I will content myself with presenting to
future investigators the plausible theory - plausible because
conveniently difficult to refute - that some terrestrial upheaval in past
days is responsible for the present state of things.
But these are merely three hypotheses. I proceed to mention three facts
which point in the same direction; i.e. that the water used to issue at
a higher level. Firstly, there is that significant name "Fontana
rotta" - "the broken fountain." . . . Does not this suggest that its flow
may have been interrupted, or intercepted, in former times?
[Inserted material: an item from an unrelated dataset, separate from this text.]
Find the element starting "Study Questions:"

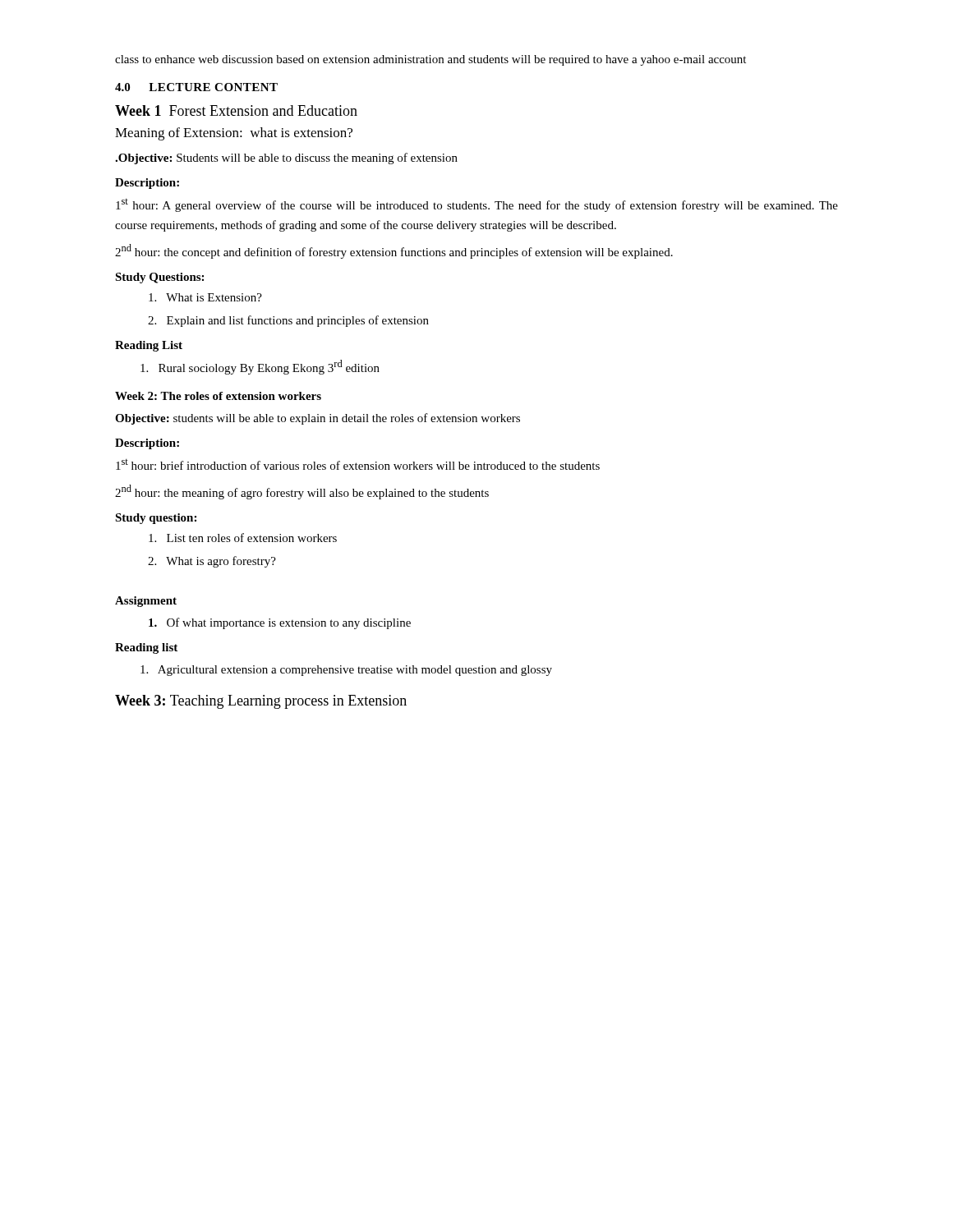[x=160, y=277]

Next, if you climb up from this "Fontana rotta" to the village by the
footpath, you will observe, on your right hand as you ascend the slope,
at about a hundred yards below the Church of Saint Anthony, an old well
standing in a field of corn and shaded by three walnuts and an oak. This
well is still running, and was described to me as "molto antico."
Therefore an underground stream - in diminished volume, no doubt - still
descends from the heights.
Thirdly, in the village you will notice an alley leading out of the
Corso Manfredi (one rejoices to find the name of Manfred surviving in
these lands) - an alley which is entitled "Vico Sirene." The name arrests
your attention, for what have the Sirens to do in these inland regions?
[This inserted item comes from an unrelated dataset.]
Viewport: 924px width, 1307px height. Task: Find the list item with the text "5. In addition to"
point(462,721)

Nothing whatever, unless they existed as ornamental statuary: statuary
such as frequently gives names to streets in Italy, witness the "Street
of the Faun" in Ouida's novel, or that of the "Giant" in Naples (which
has now been re-christened). It strikes me as a humble but quite
scholarly speculation to infer that, the chief decorative uses of Sirens
being that of fountain deities, this obscure roadway keeps alive the
tradition of the old "Fontana Grande" - ornamented, we may suppose, with
marble Sirens - whose site is now forgotten, and whose very name has
faded from the memory of the countryfolk.
What, then, does my ramble of two hours at San Gervasio amount to? It
shows that there is a possibility, at least, of a now vanished fountain
having existed on the heights where it might fulfil more accurately the
conditions of Horace's ode. If Ughelli's church "at the Bandusian Fount"
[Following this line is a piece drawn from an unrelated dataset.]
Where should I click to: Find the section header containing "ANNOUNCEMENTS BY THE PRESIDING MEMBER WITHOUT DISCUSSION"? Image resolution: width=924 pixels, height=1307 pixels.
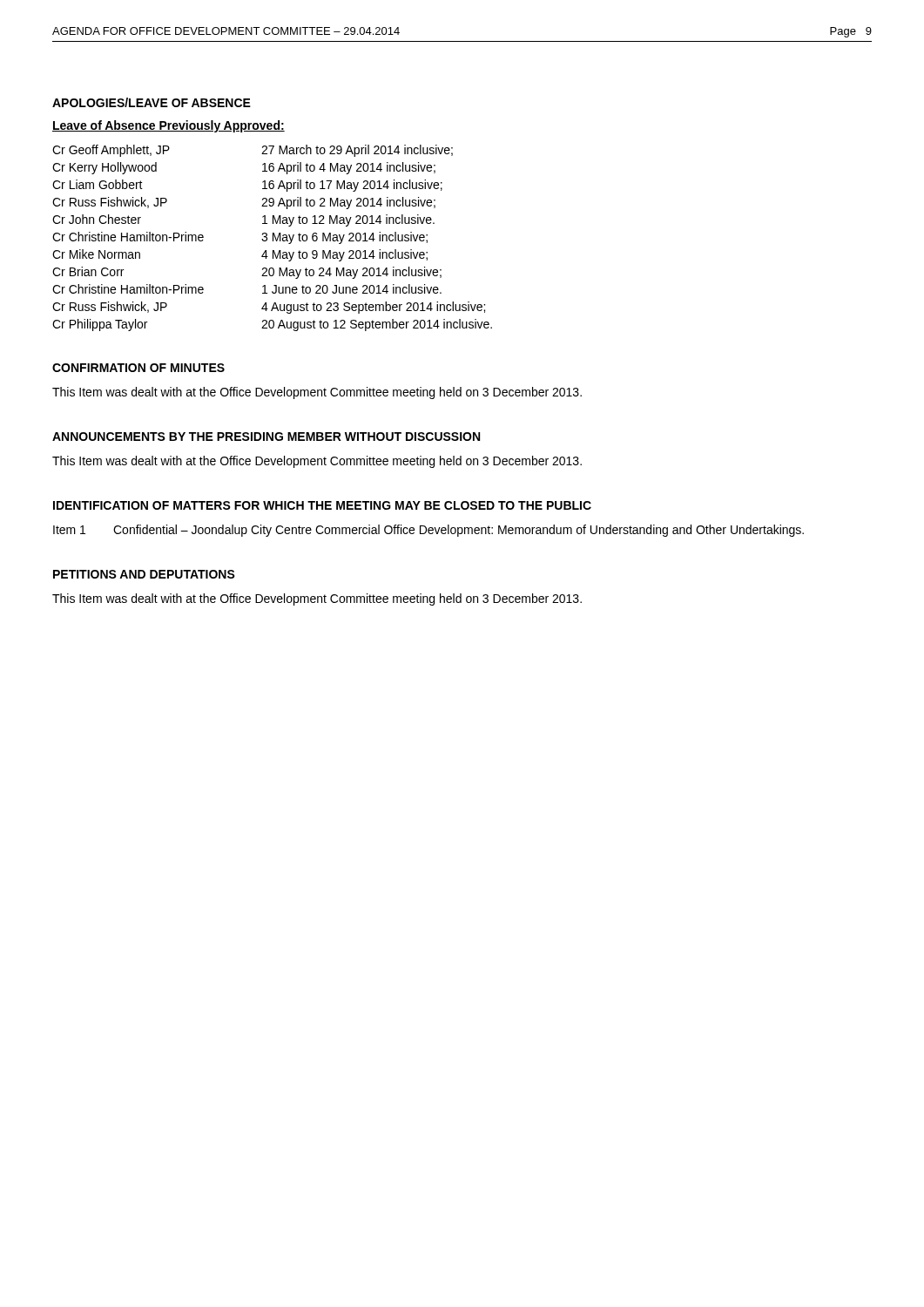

stood on this eminence - well, I shall be glad to corroborate, for once
in the way, old Ughelli, whose book contains a deal of dire nonsense.
And if the Abbe Chaupy's suggestion that the village lay at the foot of
the hill should ever prove to be wrong - well, his amiable ghost may be
pleased to think that even this does not necessitate the sacrifice of
his Venosa theory in favour of that of the scholiast Akron; there is
still a way out of the difficulty.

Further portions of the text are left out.